§ **SOURCE INFORMATION**:
┄┄┄┄┄┄
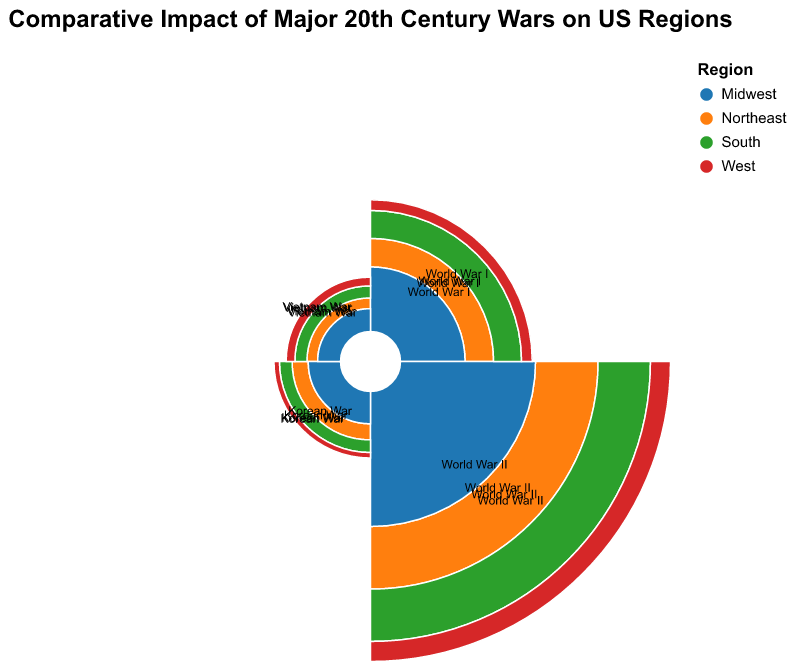what is the economic impact of World War II on the Northeast region? Look for the data point in the polar chart where the "Region" is "Northeast" and the "War" is "World War II". The tooltip information will show the economic impact which is 175,000.
Answer: 175,000 How many regions had more than 50,000 casualties in World War I? Identify the arcs relating to World War I and check the "Casualties" field. Count the regions with casualties exceeding 50,000. The Northeast and South had more than 50,000 casualties.
Answer: 2 Which region experienced the least economic impact from the Vietnam War? Check the economic impact in the text labels or tooltips for the Vietnam War arcs. The Vietnam War's economic impact is lowest in the "Northeast" region (5,000).
Answer: Northeast Is the economic impact of the Korean War higher in the Midwest or the West? Compare the economic impact data for the Korean War between the two regions. Midwest has an economic impact of 9,000, while the West has 4,500. Hence, the Midwest has a higher economic impact.
Answer: Midwest What were the total casualties in the South across all four wars? Sum the casualties for all four wars for the South region: 69,000 (WWI) + 270,000 (WWII) + 16,000 (Korean War) + 11,000 (Vietnam War). This sums up to 366,000.
Answer: 366,000 Which war caused the most casualties in the West? Identify the arc with the largest radius for the West region. World War II caused the most casualties in the West (120,000).
Answer: World War II What is the ratio of World War I to World War II casualties in the Midwest? Divide the World War I casualties by the World War II casualties for the Midwest (48,000/210,000). This ratio simplifies to approximately 0.2286.
Answer: 0.2286 What percentage of the total economic impact of World War I across all regions does the Northeast constitute? Sum the economic impact of World War I across all regions (35,000 + 32,000 + 28,000 + 15,000 = 110,000). Then, divide the Northeast's economic impact by the total (35,000/110,000), resulting in 0.318 or 31.8%.
Answer: 31.8% Between the Northeast and the West, which region's economic impact of World War II is closer to the total economic impact of the Vietnam War across all regions? Calculate the total economic impact across all regions for the Vietnam War (5,000 + 4,500 + 6,000 + 7,500 = 23,000). Then, find the absolute difference for Northeast (175,000 - 23,000 = 152,000) and West (75,000 - 23,000 = 52,000). The West's economic impact for WWII is closer to the total impact of the Vietnam War.
Answer: West 
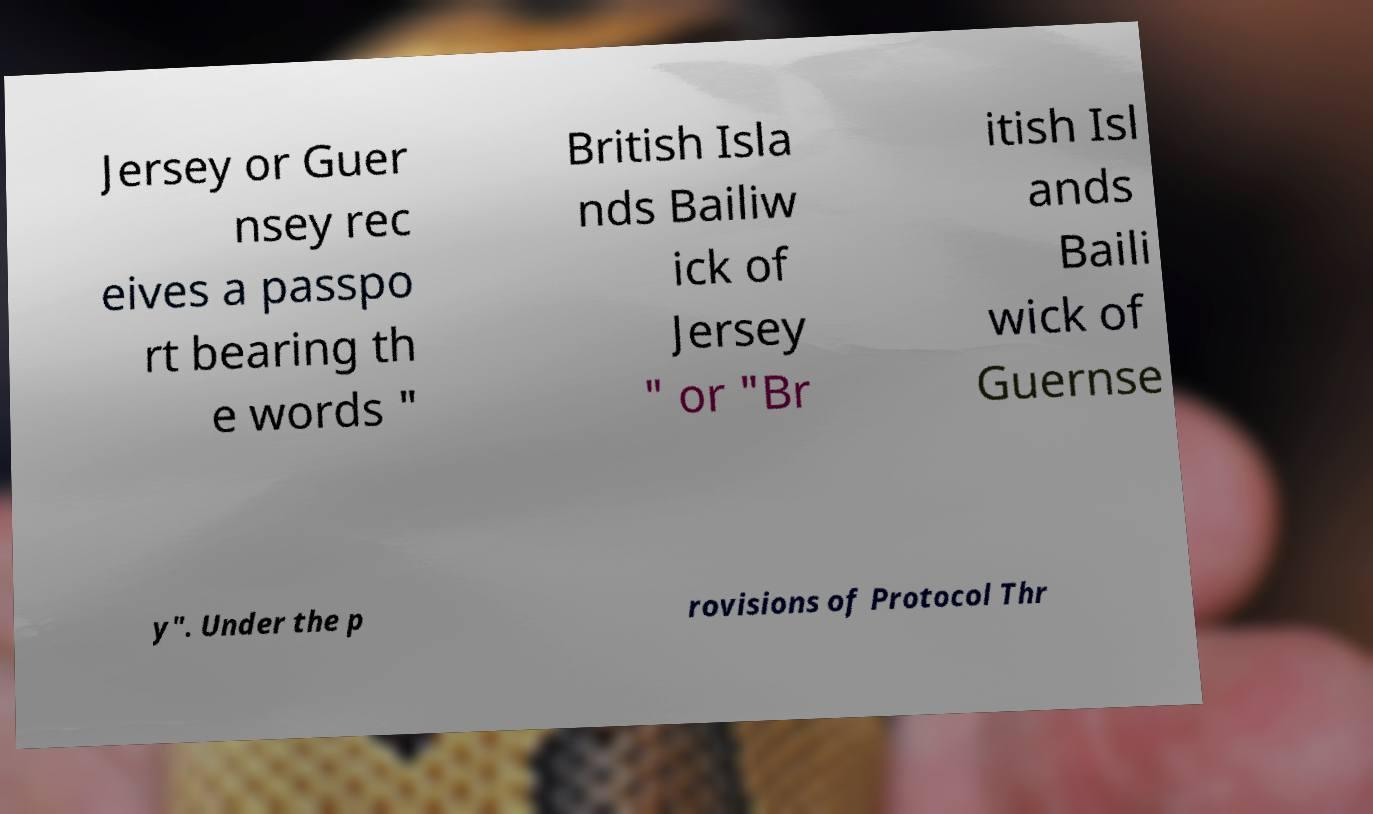I need the written content from this picture converted into text. Can you do that? Jersey or Guer nsey rec eives a passpo rt bearing th e words " British Isla nds Bailiw ick of Jersey " or "Br itish Isl ands Baili wick of Guernse y". Under the p rovisions of Protocol Thr 
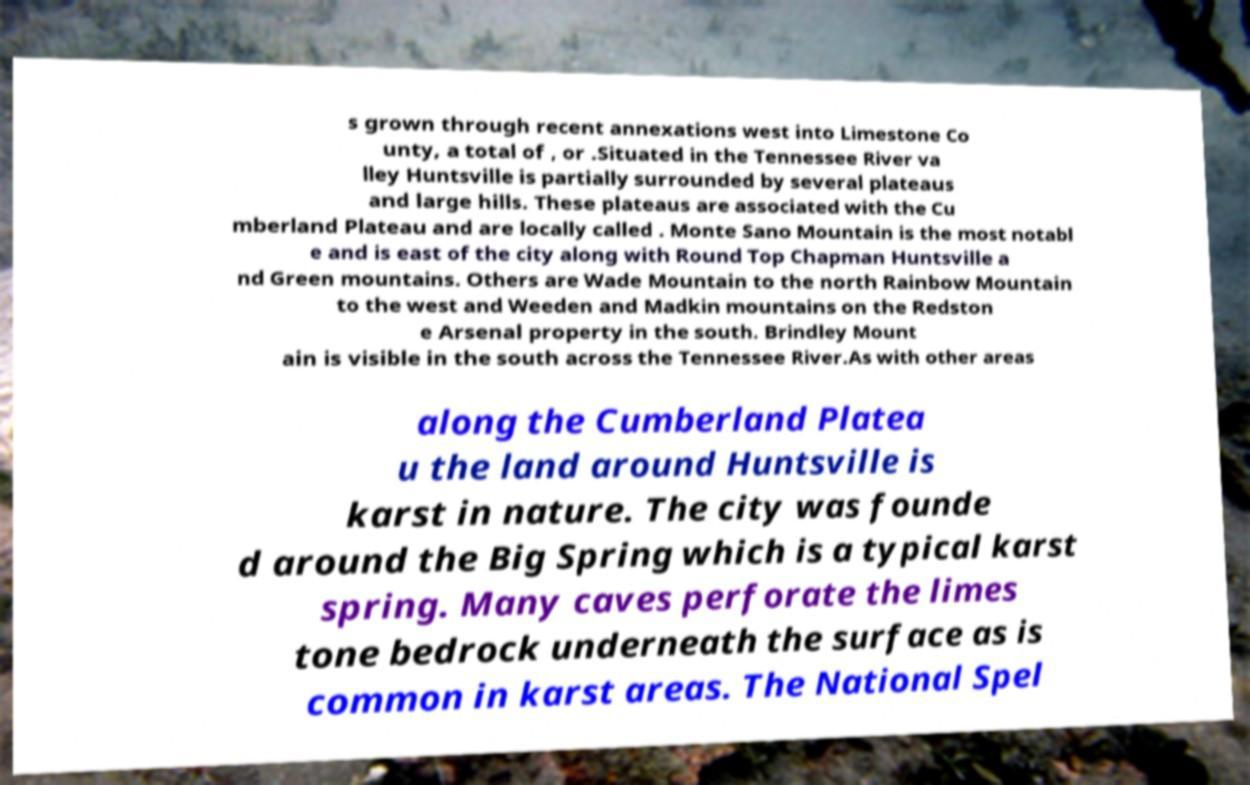Can you accurately transcribe the text from the provided image for me? s grown through recent annexations west into Limestone Co unty, a total of , or .Situated in the Tennessee River va lley Huntsville is partially surrounded by several plateaus and large hills. These plateaus are associated with the Cu mberland Plateau and are locally called . Monte Sano Mountain is the most notabl e and is east of the city along with Round Top Chapman Huntsville a nd Green mountains. Others are Wade Mountain to the north Rainbow Mountain to the west and Weeden and Madkin mountains on the Redston e Arsenal property in the south. Brindley Mount ain is visible in the south across the Tennessee River.As with other areas along the Cumberland Platea u the land around Huntsville is karst in nature. The city was founde d around the Big Spring which is a typical karst spring. Many caves perforate the limes tone bedrock underneath the surface as is common in karst areas. The National Spel 
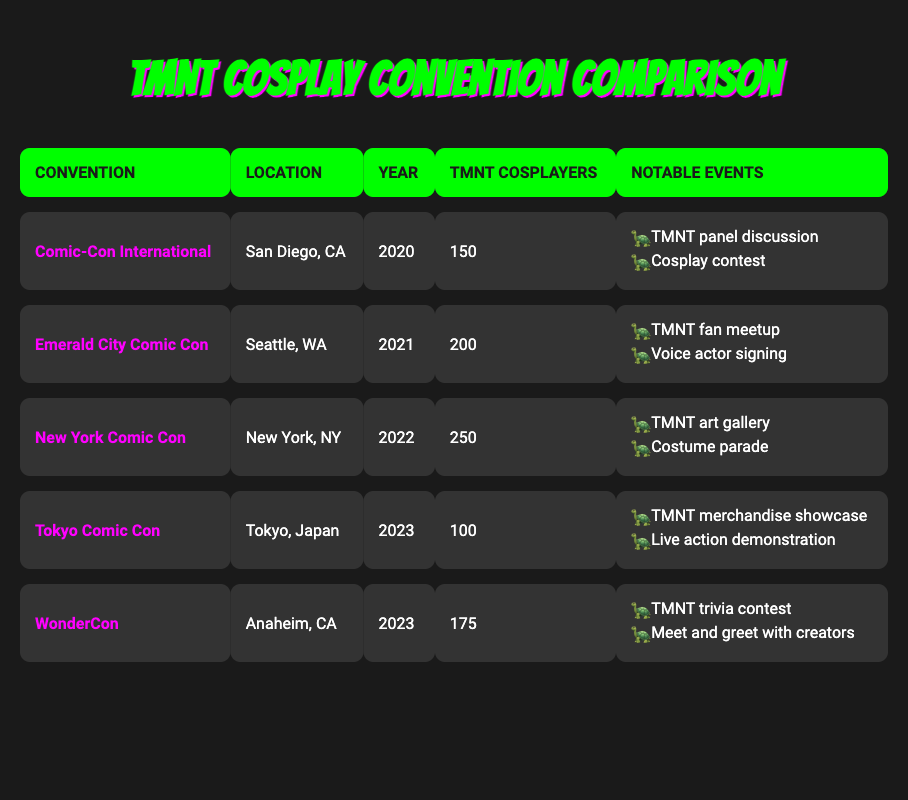What is the convention with the highest number of TMNT cosplayers? Looking at the table, we identify the number of TMNT cosplayers for each convention. The maximum is 250, which corresponds to New York Comic Con in 2022.
Answer: New York Comic Con How many TMNT cosplayers attended Tokyo Comic Con in 2023? The table shows the number of TMNT cosplayers for Tokyo Comic Con as 100.
Answer: 100 What is the total number of TMNT cosplayers from all conventions listed in 2023? We see two conventions in 2023: Tokyo Comic Con with 100 cosplayers and WonderCon with 175. Adding these gives 100 + 175 = 275.
Answer: 275 Did Emerald City Comic Con have more than 200 TMNT cosplayers? The number of TMNT cosplayers at Emerald City Comic Con is 200. Since it is not greater than 200, the answer is no.
Answer: No Which convention had the least number of TMNT cosplayers and what was the number? A comparison of all the conventions shows that Tokyo Comic Con in 2023 had the lowest attendance with 100 TMNT cosplayers.
Answer: Tokyo Comic Con, 100 What was the average number of TMNT cosplayers across all conventions? We can calculate the total number of cosplayers across all conventions: 150 + 200 + 250 + 100 + 175 = 875. There are 5 conventions, so the average is 875 / 5 = 175.
Answer: 175 Did New York Comic Con have notable events related to TMNT art? Yes, the table lists an art gallery as one of the notable events for New York Comic Con in 2022, indicating that it did feature TMNT art.
Answer: Yes Which convention had both a trivia contest and a meet and greet with creators? Only WonderCon listed in 2023 had a trivia contest and a meet and greet with creators as notable events.
Answer: WonderCon 
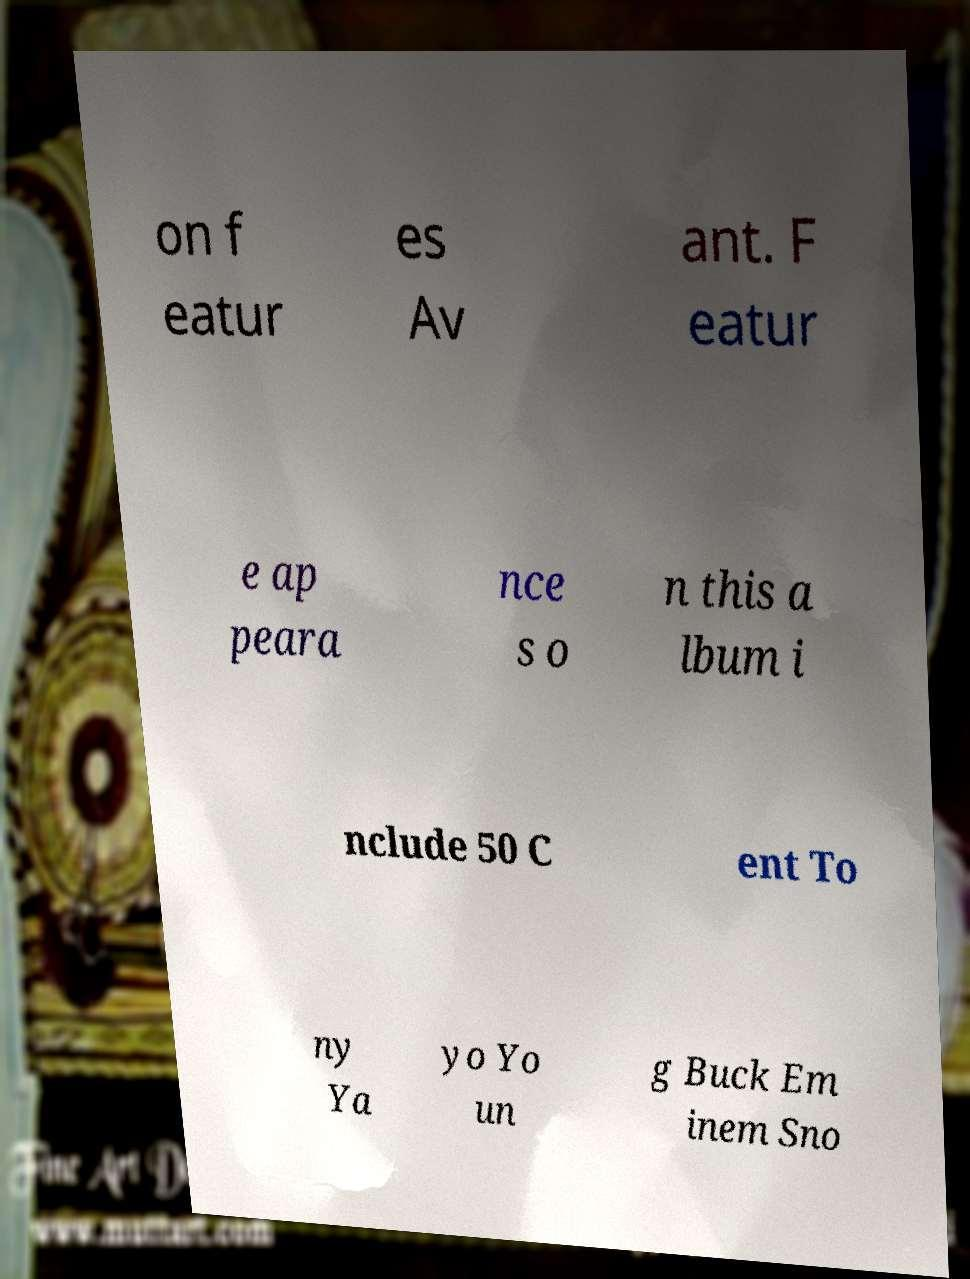Can you read and provide the text displayed in the image?This photo seems to have some interesting text. Can you extract and type it out for me? on f eatur es Av ant. F eatur e ap peara nce s o n this a lbum i nclude 50 C ent To ny Ya yo Yo un g Buck Em inem Sno
┄┄┄┄┄┄
§ **ABOUT THIS EXERCISE**: Given the data above, which lines hold the string "Korean"? Return them.

§ **PROBLEM SOLUTION**:
Answer: Northeast Is the economic impact of the Korean War higher in the Midwest or the West? Compare the economic impact data for the Korean War between the two regions. Midwest has an economic impact of 9,000, while the West has 4,500. Hence, the Midwest has a higher economic impact.
Answer: Midwest What were the total casualties in the South across all four wars? Sum the casualties for all four wars for the South region: 69,000 (WWI) + 270,000 (WWII) + 16,000 (Korean War) + 11,000 (Vietnam War). This sums up to 366,000.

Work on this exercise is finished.